The real estate and construction market remains resilient in the face of the COVID‑19 pandemic, yet its different segments are painting a mixed picture. Having recovered after the initial shock in spring 2020, the housing market is now showing historically high activity levels. However, the expected increase in the office vacancy rate signals serious challenges encountered by the commercial real estate market. These and other developments were discussed at the Annual Bank of Lithuania Real Estate Conference held online on 24 November.
“While adjusting to the pandemic-induced developments, the real estate and construction market has proved to be standing on a strong footing. Nonetheless, if such changes as the shift to remote work or e-commerce are set to become a new normal, some of its segments will have to address structural challenges,” said Vitas Vasiliauskas, Chairman of the Board of the Bank of Lithuania. He also emphasised the most pressing long-term issues, such as the ageing population and the necessity to plan several steps ahead so as to be able to manage the evolving risks.
After the initial slowdown at the onset of the pandemic, the housing market has later staged a noticeable recovery, while towards autumn its activity already soared to historical highs. New apartment sales have reached record levels and the stock of unsold apartments in the capital’s new housing market – the largest in the country – has set on a downward path. In October, new apartment sales in Vilnius exceeded the average level of the past two years by more than 50%. Stronger activity has triggered a decline in the inventory of unsold apartments, which in late September contracted by one-sixth year-on-year. The Bank of Lithuania economists estimate that such developments are sustainable – this assessment is based on the fact that housing remains affordable. With growth in household income outpacing house prices, it is getting easier to purchase a residential property. For instance, a typical household can now acquire a mid-sized apartment in Lithuania for its three years’ wage, whereas five years ago such a purchase would nearly eat up its four years’ income. Moreover, the Responsible Lending Regulations effectively stave off a bubble in the housing loan market, and the proportion of mortgaged house purchases is now much smaller than before the global financial crisis of 2009.
According to Vitas Vasiliauskas, the Bank of Lithuania is closely following not only developments on the national scale, but also market dynamics in separate towns and regions.
“If any regional housing market imbalances emerge, we will not hesitate to take additional steps. For example, if necessary, we may adjust the application of the Responsible Lending Regulations for the acquisition of real estate registered in a certain area,” said Mr Vasiliauskas.
He also noted that next year the transposition of the revised Capital Requirements Directive into the national law would complement the Bank of Lithuania’s regulatory toolbox with a possibility to impose additional sectoral capital requirements on commercial banks. This would allow increasing capital requirements for separate segments, e.g. to purchase housing registered in a certain city or town.
The array of risks has been widening in both the housing and, particularly, the commercial real estate market. The pandemic has not yet been contained and the real scale of its economic fallout will only become visible through the rate of bankruptcies among the most affected businesses as well as the rate of decline in household income. It is therefore necessary to duly assess the risks taken and build up sufficient buffers for inevitable contingencies in order to adequately adapt to the changing situation in the real estate market.

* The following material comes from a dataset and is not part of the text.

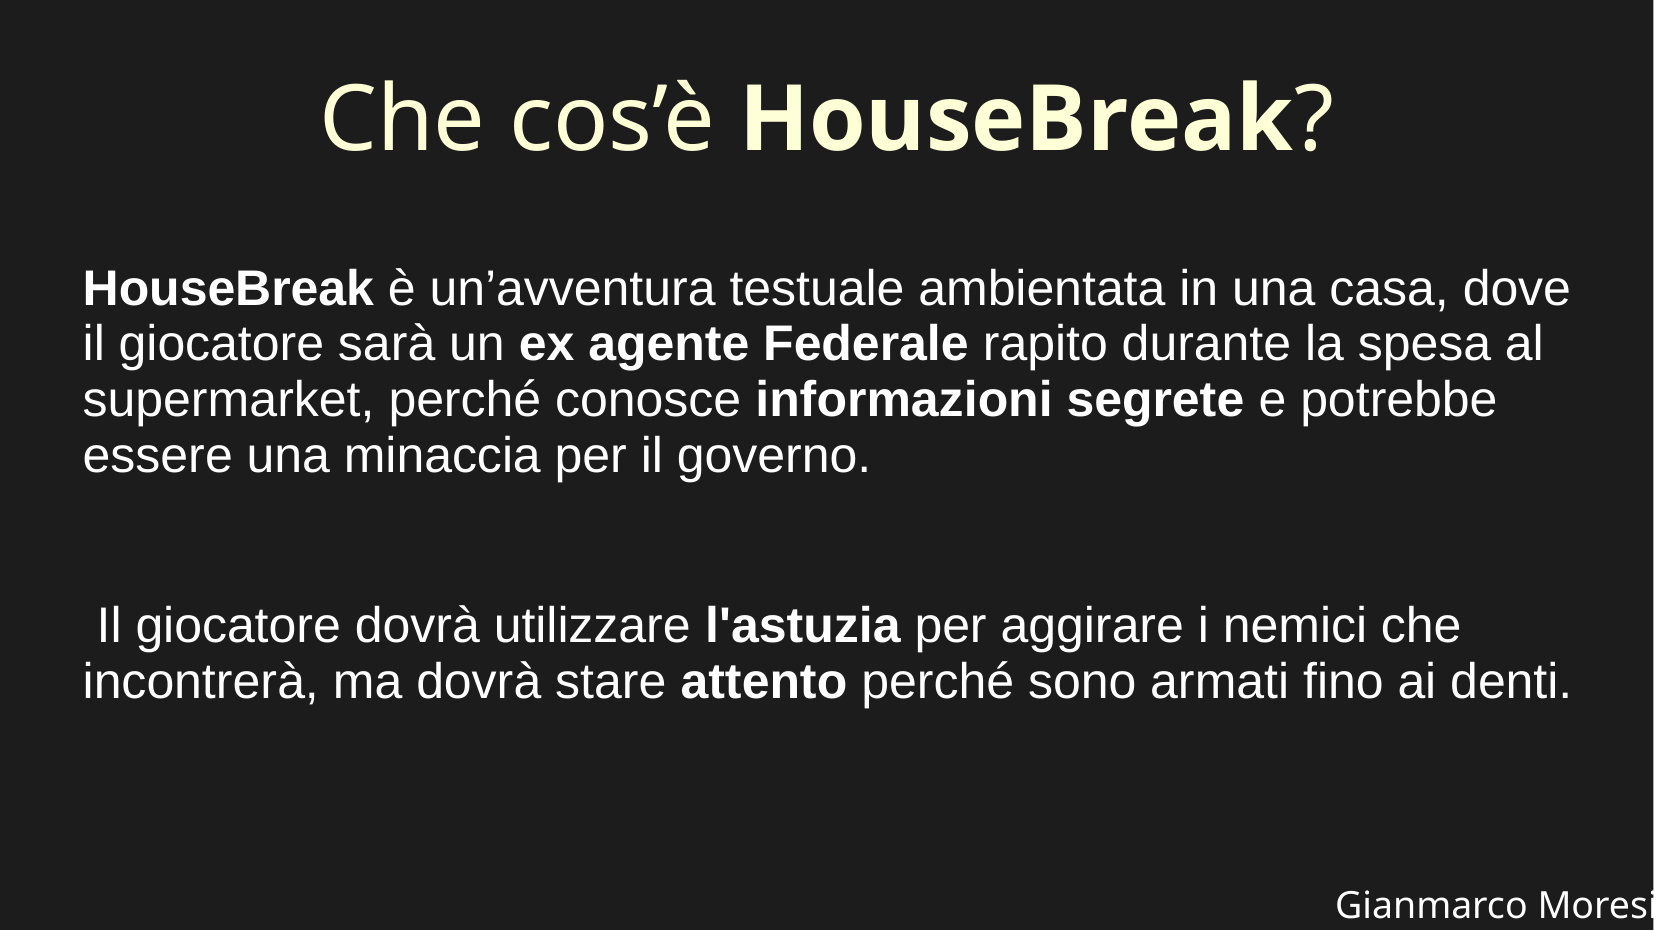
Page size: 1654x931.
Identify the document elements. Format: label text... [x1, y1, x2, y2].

The commercial real estate market faced significant uncertainty even before the second lockdown. The shift to remote work in the private and public sectors has triggered a substantial increase in the office vacancy rate, which is expected to grow further in Vilnius next year.
The risks that have built up before the pandemic, first and foremost – the demographic situation – have not disappeared, either. Lithuania’s population is ageing, despite noticeable improvements in the country’s migratory balance. The European Commission’s estimates show that the share of people aged between 18 and 35 in the country’s population will decrease by approximately one-fifth in a decade’s time. If demographic trends remain intact, this will inevitably have significant consequences both for the real estate market and the entire Lithuanian economy.
Creditors have also taken a more cautious stance towards the outlook of the real estate market. Banks have tightened their creditworthiness criteria and down payment requirements since the beginning of the pandemic, and the real estate sector companies now have lower access to finance than last year. However, such a situation is somewhat offset by intensifying competition driven by alternative credit sources. Increased competition has accelerated credit recovery and put a squeeze on loan interest margins, despite the pandemic-induced uncertainty. Businesses, meanwhile, increasingly tap funds from other companies and non‑bank financial institutions.
On 24 November 2020, the Bank of Lithuania held its 8th Annual Real Estate Conference. The central bank devotes significant attention to the real estate and construction market, which creates more than one-tenth of the country’s GDP. Housing loans, worth approximately €9 billion, account for nearly 50%, while loans secured on commercial real estate, worth nearly €6 billion – for 30% of the overall private sector loan portfolio. Therefore, the real estate sector also has a significant indirect impact on the stability of the financial system as a whole.